_Your goal_:
All of the data that follows should be retyped exactly, please, except the pictures.

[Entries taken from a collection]

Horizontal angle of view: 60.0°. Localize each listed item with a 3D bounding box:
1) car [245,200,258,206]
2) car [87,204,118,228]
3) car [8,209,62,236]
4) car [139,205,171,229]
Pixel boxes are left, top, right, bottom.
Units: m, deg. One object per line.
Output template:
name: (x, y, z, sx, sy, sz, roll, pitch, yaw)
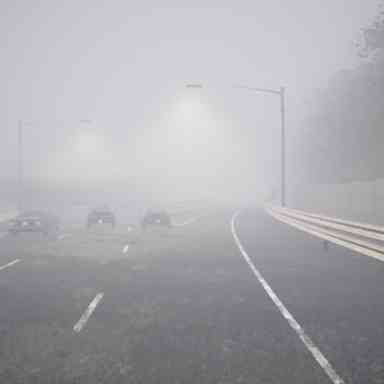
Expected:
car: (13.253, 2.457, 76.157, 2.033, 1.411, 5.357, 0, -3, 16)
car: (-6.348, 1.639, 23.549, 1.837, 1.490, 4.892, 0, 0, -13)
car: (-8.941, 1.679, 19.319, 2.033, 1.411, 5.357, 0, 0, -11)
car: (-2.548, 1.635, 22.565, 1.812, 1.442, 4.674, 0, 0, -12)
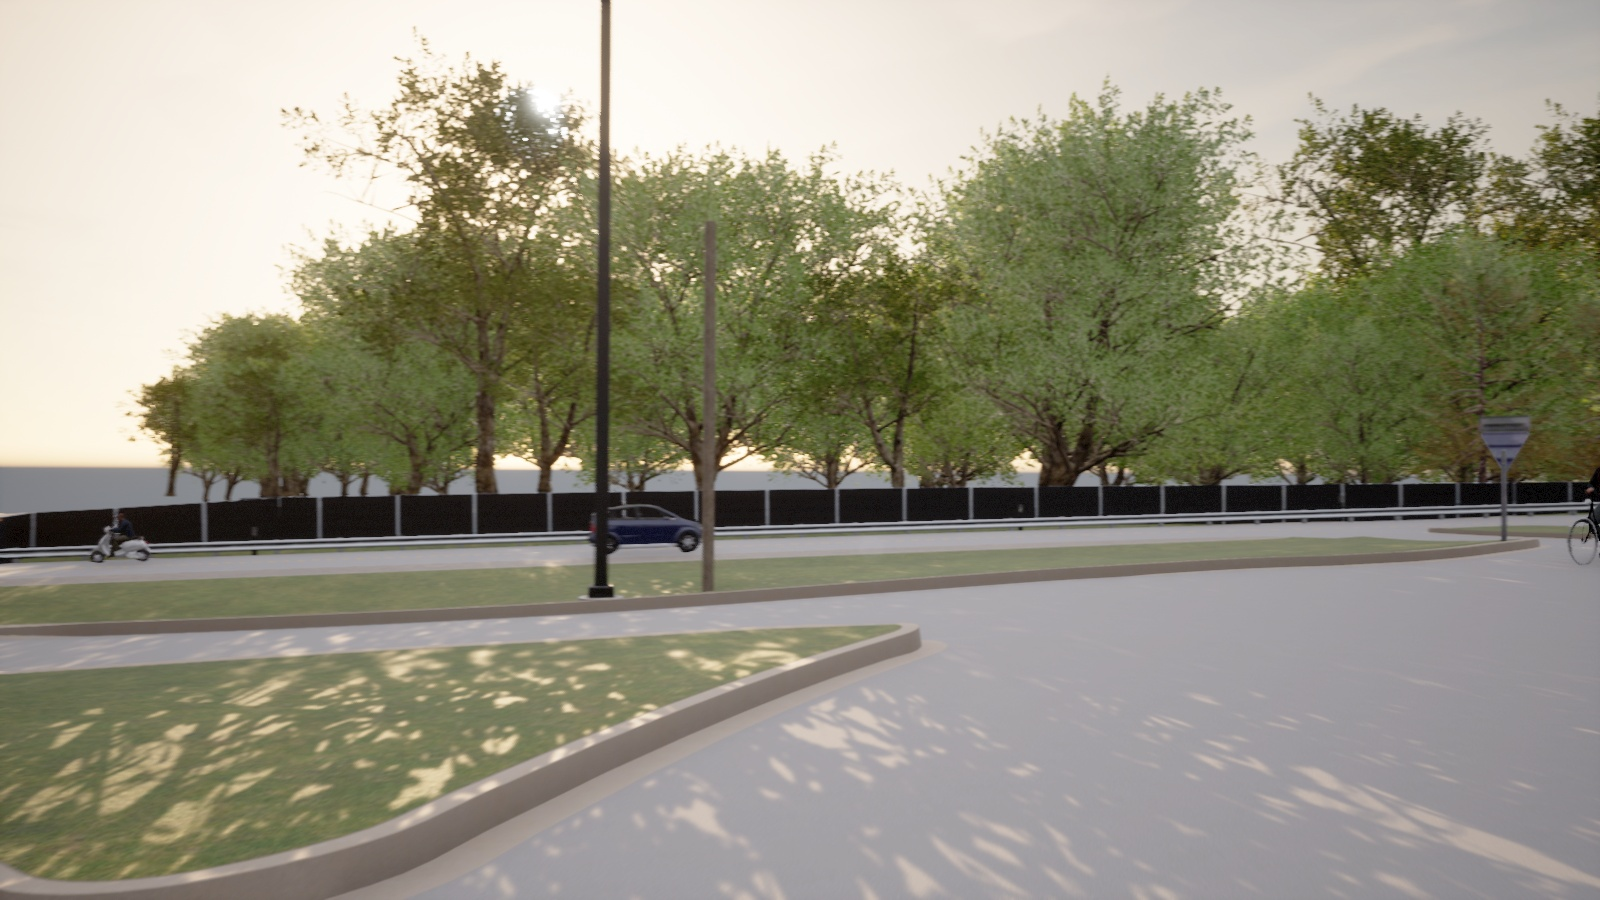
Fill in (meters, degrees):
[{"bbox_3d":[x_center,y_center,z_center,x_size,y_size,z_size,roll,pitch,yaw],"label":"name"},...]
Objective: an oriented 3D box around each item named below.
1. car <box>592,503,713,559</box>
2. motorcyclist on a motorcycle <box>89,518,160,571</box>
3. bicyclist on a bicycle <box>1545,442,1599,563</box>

_Exercise solution_:
Horizontal angle of view: 60.0°. Localize each listed item with a 3D bounding box:
1) car [245,200,258,206]
2) car [87,204,118,228]
3) car [8,209,62,236]
4) car [139,205,171,229]
Pixel boxes are left, top, right, bottom.
Units: m, deg. One object per line.
Output template:
name: (x, y, z, sx, sy, sz, roll, pitch, yaw)
Expected:
car: (13.253, 2.457, 76.157, 2.033, 1.411, 5.357, 0, -3, 16)
car: (-6.348, 1.639, 23.549, 1.837, 1.490, 4.892, 0, 0, -13)
car: (-8.941, 1.679, 19.319, 2.033, 1.411, 5.357, 0, 0, -11)
car: (-2.548, 1.635, 22.565, 1.812, 1.442, 4.674, 0, 0, -12)
Fill in (meters, degrees):
[{"bbox_3d":[x_center,y_center,z_center,x_size,y_size,z_size,roll,pitch,yaw],"label":"name"},...]
Objective: an oriented 3D box around each item named below.
1. car <box>592,503,713,559</box>
2. motorcyclist on a motorcycle <box>89,518,160,571</box>
3. bicyclist on a bicycle <box>1545,442,1599,563</box>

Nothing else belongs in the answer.